15. The apparatus of any preceding claim, wherein the parameters further include ratios formed by comparing corresponding parameters derived separately for each side of the nose.

16. The apparatus of any preceding claim, wherein the parameters further include parameters based on frequency domain analysis of the first and second acoustic signals.

17. The apparatus of claim 16, wherein the parameters include parameters indicating the variation with time of a power spectral distribution of the first and second acoustic signals.

18. The apparatus of any preceding claim, wherein the apparatus is configured to link properties or parameters of the first and second acoustic signals to potential nasal conditions.

19. The apparatus of any preceding claim, wherein the apparatus is configured to acquire the first and second acoustic signals simultaneously.

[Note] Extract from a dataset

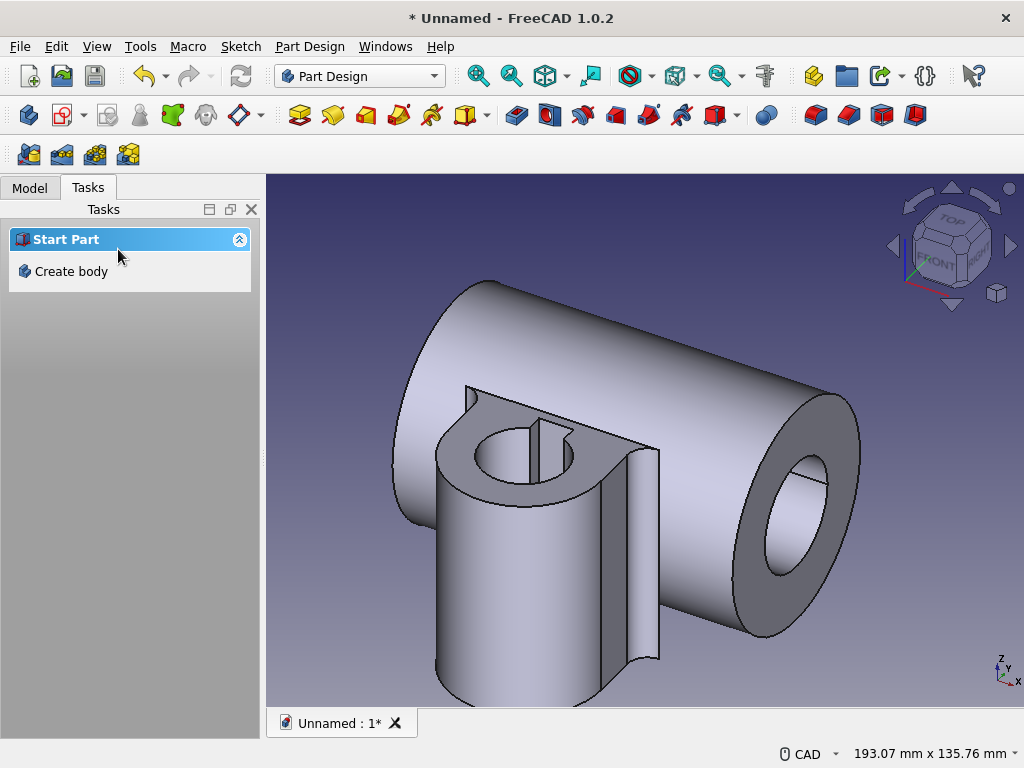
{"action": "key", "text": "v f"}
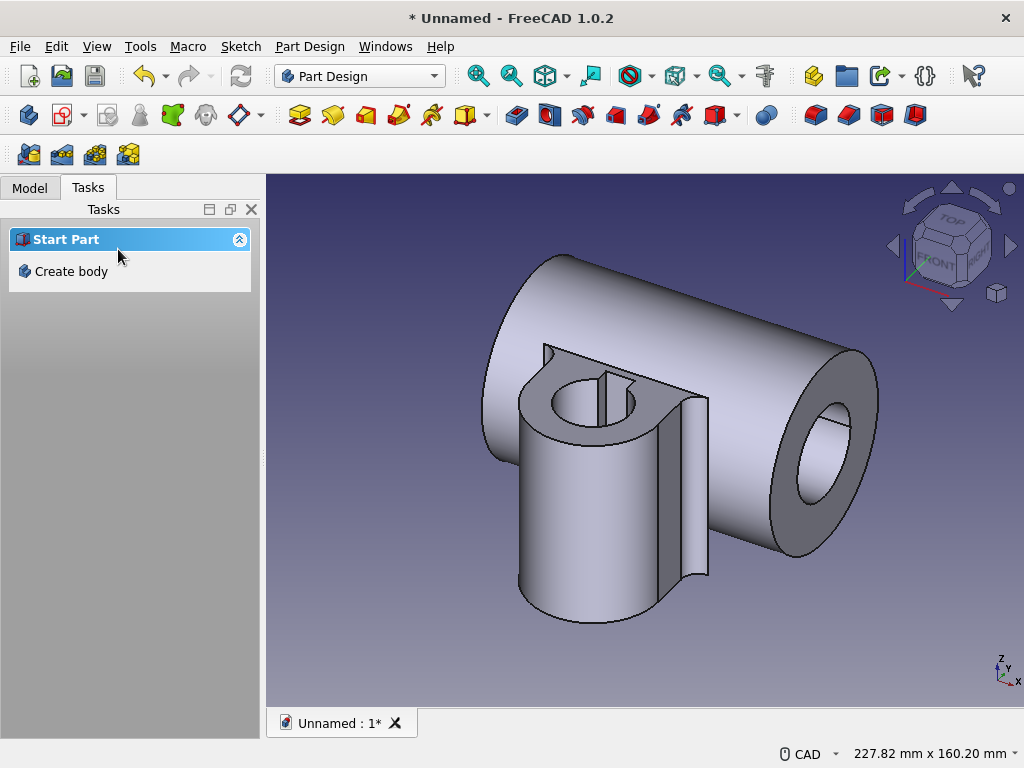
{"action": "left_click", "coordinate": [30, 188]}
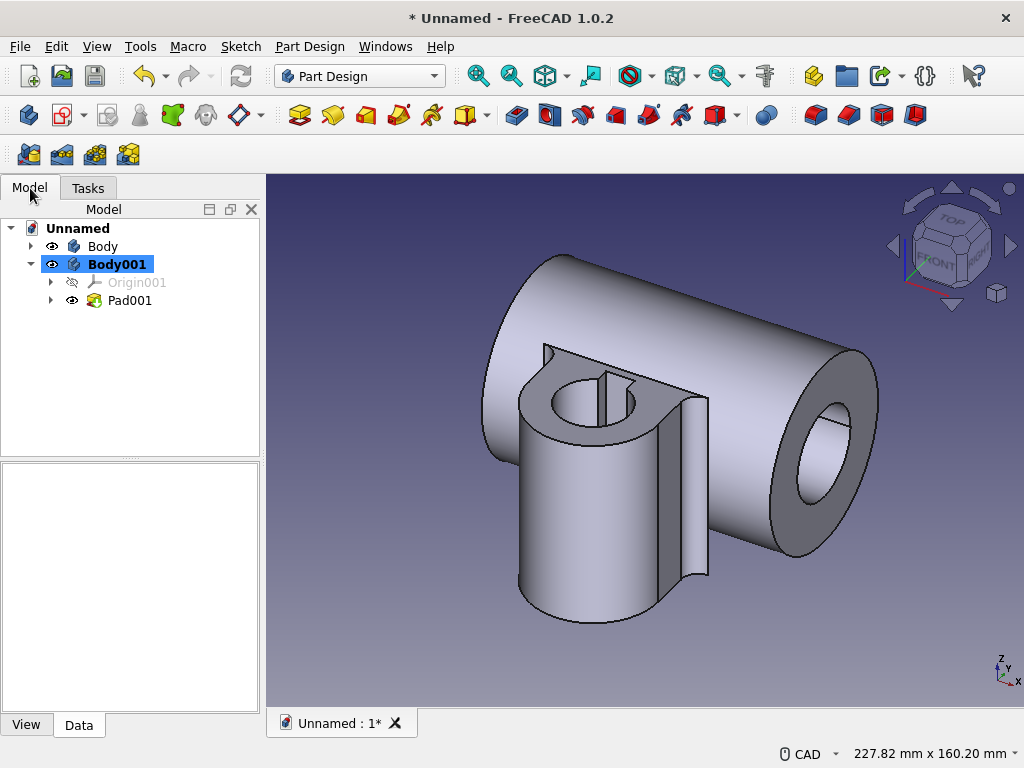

20. The apparatus of claim 19, wherein analysing the first and second acoustic signals in the time domain includes comparing, for at least one point in time, the first acoustic signal, or a parameter derived therefrom, with the simultaneously acquired second acoustic signal, or a parameter derived therefrom.

21 . The apparatus of any preceding claim, wherein the apparatus is configured to distinguish between nasal inhalation and nasal exhalation.

22. The apparatus of any preceding claim, wherein the apparatus is configured to determine a respiration rate.

23. A method of performing a measurement of nasal airflow comprising:

fixing a first acoustic sensor and a second acoustic sensor on opposing sides of a nose of an upright patient;

acquiring first and second acoustic signals from the first and second acoustic sensors respectively for acoustically monitoring airflow through the nose, the first and second acoustic sensors being fixed on opposing sides of the exterior of the nose so as not to interfere with the airflow through the nose of the patient, wherein the first acoustic signal is indicative of the airflow through the nasal cavity on the side of the nose to which the first acoustic sensor is fixed, the second acoustic signal is indicative of the airflow through the nasal cavity on the side of the nose to which the second acoustic sensor is fixed, and the first and second acoustic sensors pick up their respective acoustic signals from airflow through their respective nasal cavities with little or no cross-talk from the airflow through the other nasal cavity;

transmitting the first and second acoustic signals to a computer system;

and the computing system receiving and analysing the first and second acoustic signals, wherein the computing system analyses the first and second acoustic signals in the time domain to derive one or more parameters indicative of a condition of the nasal cavities.